1. Academic Validation
  2. PDK1-mTOR signaling pathway inhibitors reduce cell proliferation in MK2206 resistant neuroblastoma cells

PDK1-mTOR signaling pathway inhibitors reduce cell proliferation in MK2206 resistant neuroblastoma cells

  • Cancer Cell Int. 2015 Sep 29;15:91. doi: 10.1186/s12935-015-0239-4.
Lei Qi 1 Hidemi Toyoda 2 Dong-Qing Xu 1 Ye Zhou 3 Naoto Sakurai 2 Keishirou Amano 2 Kentaro Kihira 2 Hiroki Hori 2 Eiichi Azuma 2 Yoshihiro Komada 2
Affiliations

Affiliations

  • 1 Department of Pediatrics and Developmental Science, Mie University Graduate School of Medicine, 2-174 Edobashi, Tsu, Mie 514-8507 Japan ; Department of Pediatrics, Xin Hua Hospital Affiliated to Shanghai Jiao Tong University School of Medicine, 1665 Kong Jiang Road, Shanghai, 200092 China.
  • 2 Department of Pediatrics and Developmental Science, Mie University Graduate School of Medicine, 2-174 Edobashi, Tsu, Mie 514-8507 Japan.
  • 3 Department of Child Health Nursing, Mie University Graduate School of Medicine, 2-174 Edobashi, Tsu, Mie 514-8507 Japan.
Abstract

Purpose: Akt plays a pivotal role in the signal transduction of Cancer cells. MK2206, an Akt Inhibitor, has been shown to be an effective anti-cancer drug to a variety of Cancer cell lines. However, some Cancer cells acquire resistance to MK2206 and new strategies to suppress these cell lines remain to be developed.

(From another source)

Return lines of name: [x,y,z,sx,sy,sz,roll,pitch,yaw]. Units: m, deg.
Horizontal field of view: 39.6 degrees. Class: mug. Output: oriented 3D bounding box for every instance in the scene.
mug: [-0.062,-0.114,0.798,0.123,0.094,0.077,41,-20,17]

Experimental design: Acquired MK-2206-resistant neuroblastoma (NB) cell sublines were induced by stepwise escalation of MK-2206 exposure (4-12 weeks). MTT assay was used to validate cell proliferation. Flow cytometry was performed for cell cycle analysis. Western blot assay was used for cell signaling study.

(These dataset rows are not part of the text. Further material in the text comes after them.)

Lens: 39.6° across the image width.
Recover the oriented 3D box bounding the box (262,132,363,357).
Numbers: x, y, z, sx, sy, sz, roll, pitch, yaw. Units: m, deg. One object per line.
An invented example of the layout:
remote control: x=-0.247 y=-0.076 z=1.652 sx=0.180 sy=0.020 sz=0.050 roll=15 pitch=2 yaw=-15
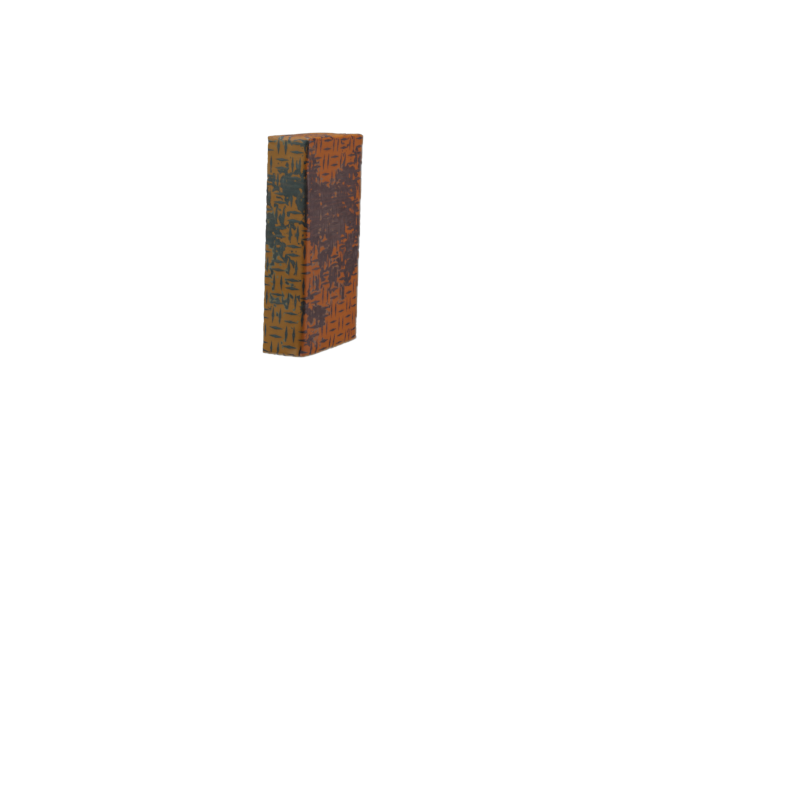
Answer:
box: x=-0.071 y=-0.129 z=0.906 sx=0.050 sy=0.173 sz=0.092 roll=4 pitch=10 yaw=27
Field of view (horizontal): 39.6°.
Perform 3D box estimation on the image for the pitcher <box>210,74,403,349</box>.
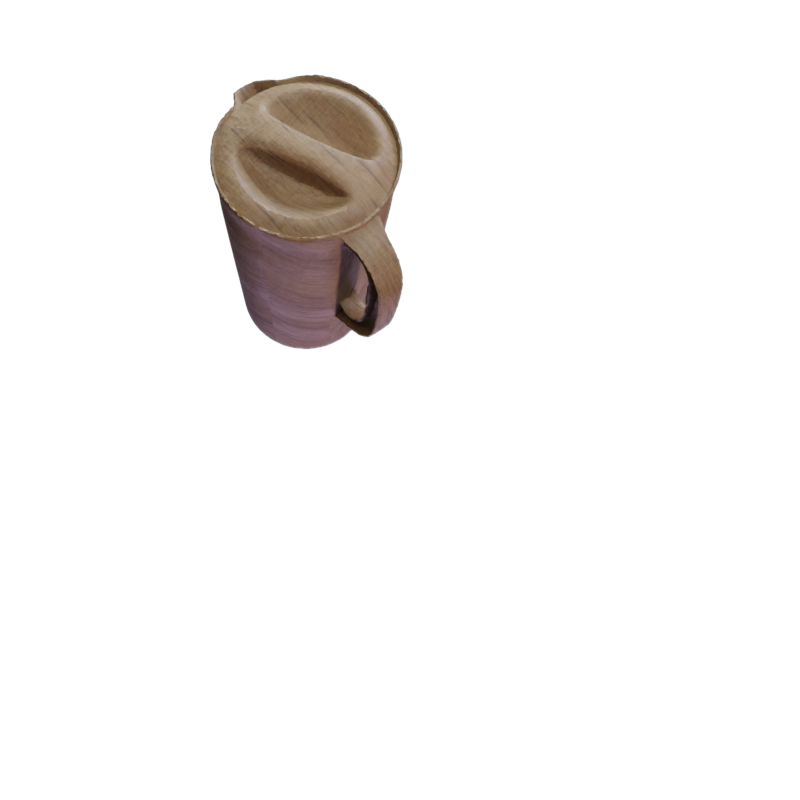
[{"bbox_3d":[-0.067,-0.123,0.859,0.145,0.157,0.231,9,-23,0],"label":"pitcher"}]

Results: MK2206 (5-10 µmol) significantly suppressed cell growth of MK2206 non-resistant NB cells (LAN-1, KP-N-SIFA, NB-19 and SK-N-DZ), but is less efficient in inhibiting that of resistant sublines, even after 2-week MK2206-free incubation. MK2206 acted in mTOR-S6K dependent and independent methods. MK-2206 resistant sublines (LAN-1-MK, KP-N-SIFA-MK, and SK-N-DZ-MK) showed lower IC50 of GSK2334470 (PDK1 inhibitor). The cell growth of all sublines was prohibited by AZD8805 (mTOR Inhibitor), with IC50 of AZD8805 3-10 times lower than MK2206 non-resistant cells. The signaling profiles of these resistant sublines were characterized by elevated PDK1-mTOR-S6K activity, accompanying by low phosphorylation of Akt compared with non-resistant counterparts. GSK2334470 and AZD8055 effectively inhibited phosphorylation of PDK1 and mTOR, respectively, and induced higher G0-G1 ratio in LAN-1-MK than that in LAN-1 as well. PDK1 and mTOR inhibitors effected on phosphorylation of GSK3β in some of resistant sublines.

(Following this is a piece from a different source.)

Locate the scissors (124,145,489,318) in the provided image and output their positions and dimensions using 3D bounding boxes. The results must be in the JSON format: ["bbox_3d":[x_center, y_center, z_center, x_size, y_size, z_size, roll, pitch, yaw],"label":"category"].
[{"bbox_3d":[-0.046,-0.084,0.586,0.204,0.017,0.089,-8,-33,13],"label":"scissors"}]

Conclusion: NB cells can acquire MK2206 resistance after exposure for 4-12 weeks. Resistant cells feature reliance on PDK1-mTOR-S6K pathway and are more sensitive to PDK1 and mTOR inhibitors than the non-resistant counterparts. Thus, suppression of PDK1-mTOR-S6K signaling pathway is an effective way to overcome the MK2206 resistance, and this may be a promising strategy for targeted therapy.

Keywords

Akt; Cell growth; MK2206; Neuroblastoma; PDK1; mTOR.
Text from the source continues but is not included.